Phase 4: Coverage and Security Stage Consolidation

  • Replace codecov-upload.yml and codeql.yml with pipeline jobs that run after E2E completion.
  • Ensure Codecov uploads and CodeQL scans run with the same code checkout and digest metadata for traceability.

Phase 5: Documentation and DoD Alignment

  • Update docs/plans/current_spec.md with the final pipeline plan.
  • Document the DoD ordering impact and confirm whether the DoD should be updated to match the new pipeline order or the pipeline should adapt to the DoD ordering.
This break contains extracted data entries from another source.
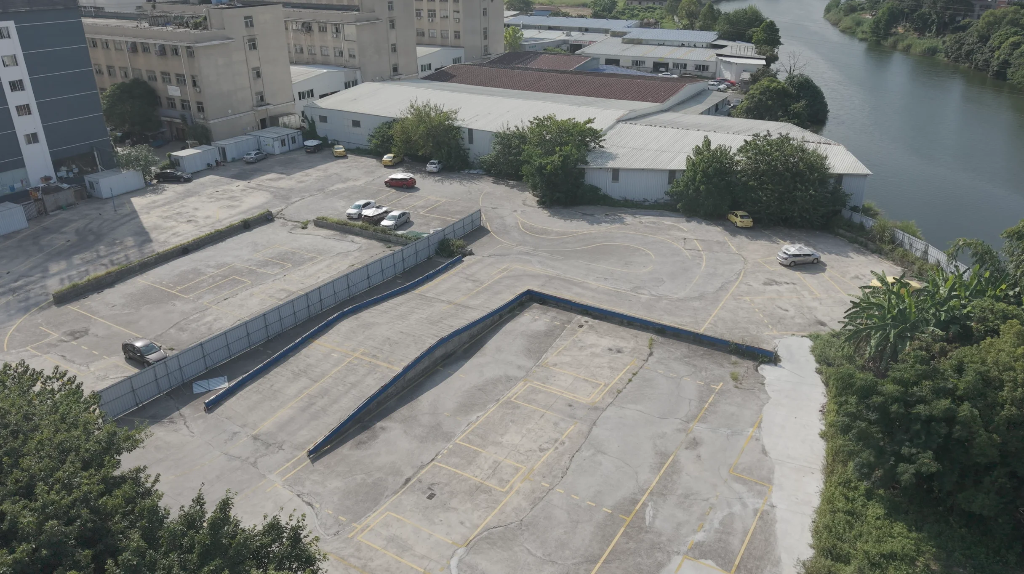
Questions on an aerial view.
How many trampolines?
0
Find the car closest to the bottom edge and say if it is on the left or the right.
left
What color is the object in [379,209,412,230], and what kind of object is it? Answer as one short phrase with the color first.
gray car
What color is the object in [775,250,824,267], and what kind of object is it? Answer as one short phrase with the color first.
gray car
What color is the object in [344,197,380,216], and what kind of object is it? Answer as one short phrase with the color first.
white car
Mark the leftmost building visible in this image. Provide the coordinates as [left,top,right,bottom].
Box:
[0,202,28,235]
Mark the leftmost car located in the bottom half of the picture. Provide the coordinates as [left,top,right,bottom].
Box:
[117,335,172,367]
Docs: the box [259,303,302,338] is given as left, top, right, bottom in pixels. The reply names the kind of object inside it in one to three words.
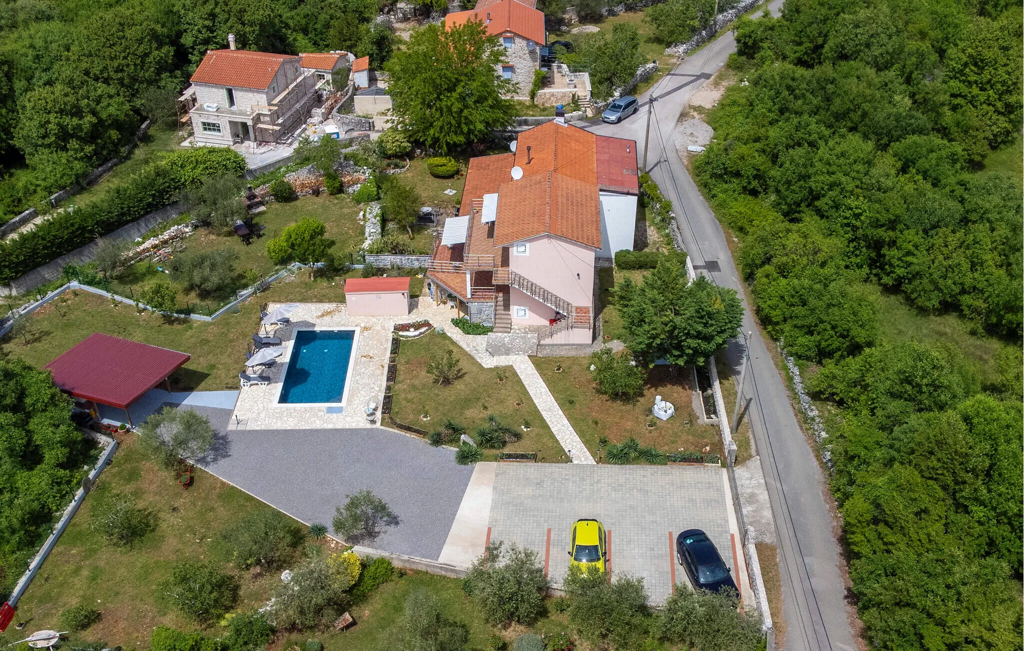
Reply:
umbrella
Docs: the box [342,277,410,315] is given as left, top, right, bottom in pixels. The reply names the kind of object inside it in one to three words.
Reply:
shed
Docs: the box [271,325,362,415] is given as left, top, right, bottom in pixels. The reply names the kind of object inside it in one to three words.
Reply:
swimming pool
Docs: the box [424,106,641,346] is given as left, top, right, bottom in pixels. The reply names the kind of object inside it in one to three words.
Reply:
house
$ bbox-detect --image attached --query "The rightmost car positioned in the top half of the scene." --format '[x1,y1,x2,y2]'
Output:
[600,95,638,123]
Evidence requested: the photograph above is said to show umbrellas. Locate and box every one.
[259,303,302,338]
[243,343,285,378]
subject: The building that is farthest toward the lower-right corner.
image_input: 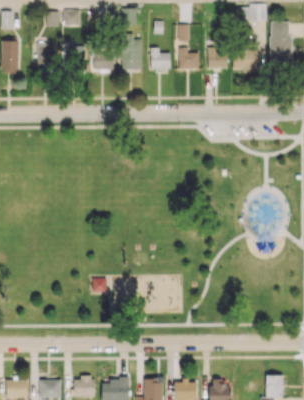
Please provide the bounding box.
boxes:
[266,375,284,400]
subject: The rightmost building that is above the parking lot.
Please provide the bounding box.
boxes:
[270,22,290,58]
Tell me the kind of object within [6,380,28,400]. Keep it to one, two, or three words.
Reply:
house
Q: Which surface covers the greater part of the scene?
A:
grass
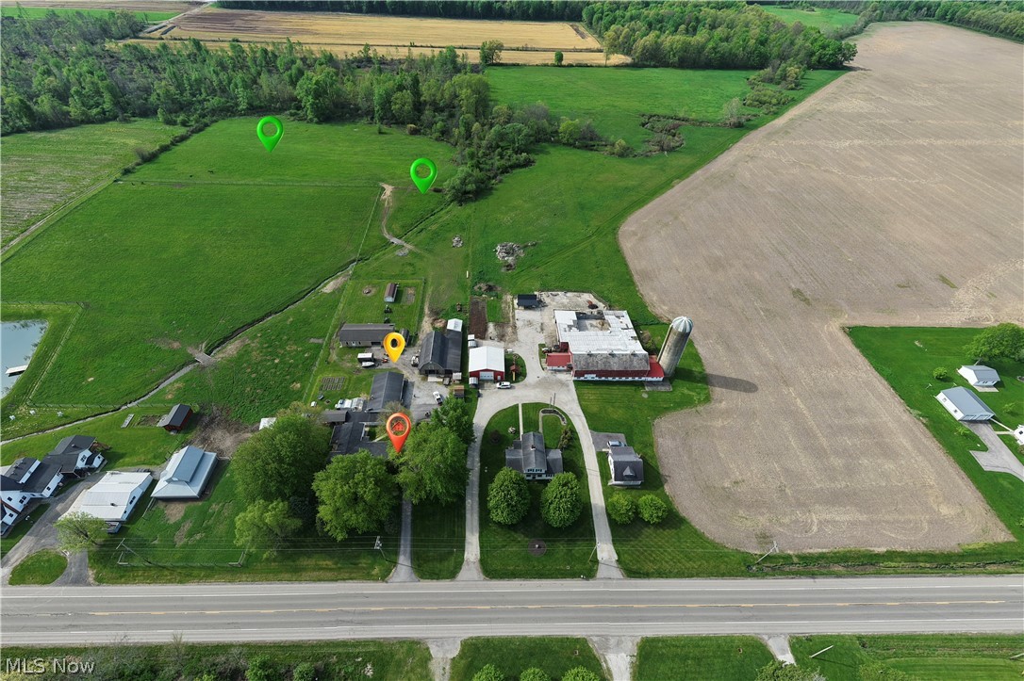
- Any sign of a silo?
Yes
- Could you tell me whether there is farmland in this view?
Yes
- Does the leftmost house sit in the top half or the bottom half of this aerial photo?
bottom
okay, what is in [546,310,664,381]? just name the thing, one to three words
barn
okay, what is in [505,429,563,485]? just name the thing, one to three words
house
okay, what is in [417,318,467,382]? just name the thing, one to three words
barn
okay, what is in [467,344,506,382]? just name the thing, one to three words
building
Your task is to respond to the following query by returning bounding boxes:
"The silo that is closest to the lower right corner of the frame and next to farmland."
[657,317,696,380]
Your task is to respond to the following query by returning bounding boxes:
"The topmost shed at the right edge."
[960,360,1002,387]
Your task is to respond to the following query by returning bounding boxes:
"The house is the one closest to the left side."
[0,432,111,517]
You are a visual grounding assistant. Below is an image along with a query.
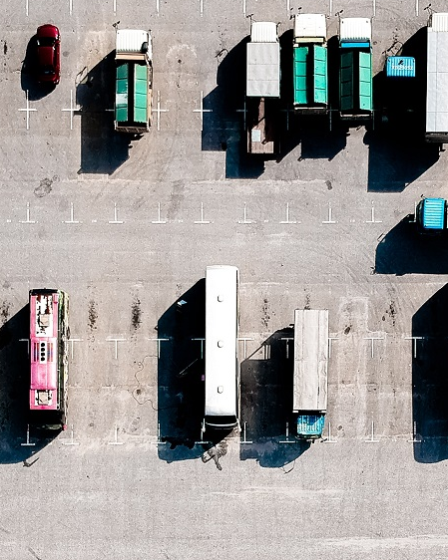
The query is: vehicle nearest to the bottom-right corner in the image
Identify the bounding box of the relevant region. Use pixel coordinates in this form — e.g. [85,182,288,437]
[294,310,330,445]
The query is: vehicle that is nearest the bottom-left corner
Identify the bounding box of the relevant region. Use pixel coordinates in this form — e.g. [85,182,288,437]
[28,290,68,429]
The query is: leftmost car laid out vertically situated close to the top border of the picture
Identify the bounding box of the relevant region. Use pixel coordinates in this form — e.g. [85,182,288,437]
[34,25,61,84]
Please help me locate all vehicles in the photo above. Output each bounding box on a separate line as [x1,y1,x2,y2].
[413,194,448,237]
[422,5,448,140]
[289,6,330,120]
[333,11,374,123]
[111,21,153,137]
[380,48,419,126]
[294,310,330,445]
[34,25,61,84]
[28,290,68,429]
[244,13,282,157]
[204,265,241,430]

Phase 6: Branch Protection Updates

  • Update branch protection/rulesets to require the pipeline-gate check.
  • Document the manual pipeline run requirement for PR validation.

5. Acceptance Criteria

  • The pipeline workflow triggers via pull_request across branches and workflow_dispatch.
  • All CI workflows listed in Section 3.5 trigger via workflow_dispatch only and no longer use workflow_run or pull_request.
  • Maintenance workflows (nightly/weekly/Renovate/repo health) retain their scheduled triggers and are not changed to PR/manual-only.
  • The new pipeline workflow runs lint, build, integration, E2E, coverage, and security stages in the requested order.
  • Integration, E2E, coverage, and security jobs consume the same image digest produced by the build stage.
  • The pipeline exposes image_digest and image_ref outputs for audit and debugging.
  • All DoD-required checks are represented in the pipeline and fail the run when they do not pass.
  • The pipeline pushes images to Docker Hub and GHCR, and test stages pull from Docker Hub.
  • E2E sharding keeps the security shard separate and retains the timeout-safe shard layout.
  • The nightly branch tag remains part of the image tagging scheme.

6. Risks and Mitigations

  • Risk: PR-triggered pipeline increases CI load and could cause noisy failures on draft or experimental branches.
  • Mitigation: keep legacy workflows manual-only, enforce the pipeline-gate required check, and allow maintainers to re-run the pipeline as needed.

7. Confidence Score

Confidence: 86 percent

Rationale: Manual pipeline consolidation is well scoped, but requires careful coordination with branch protection and required checks.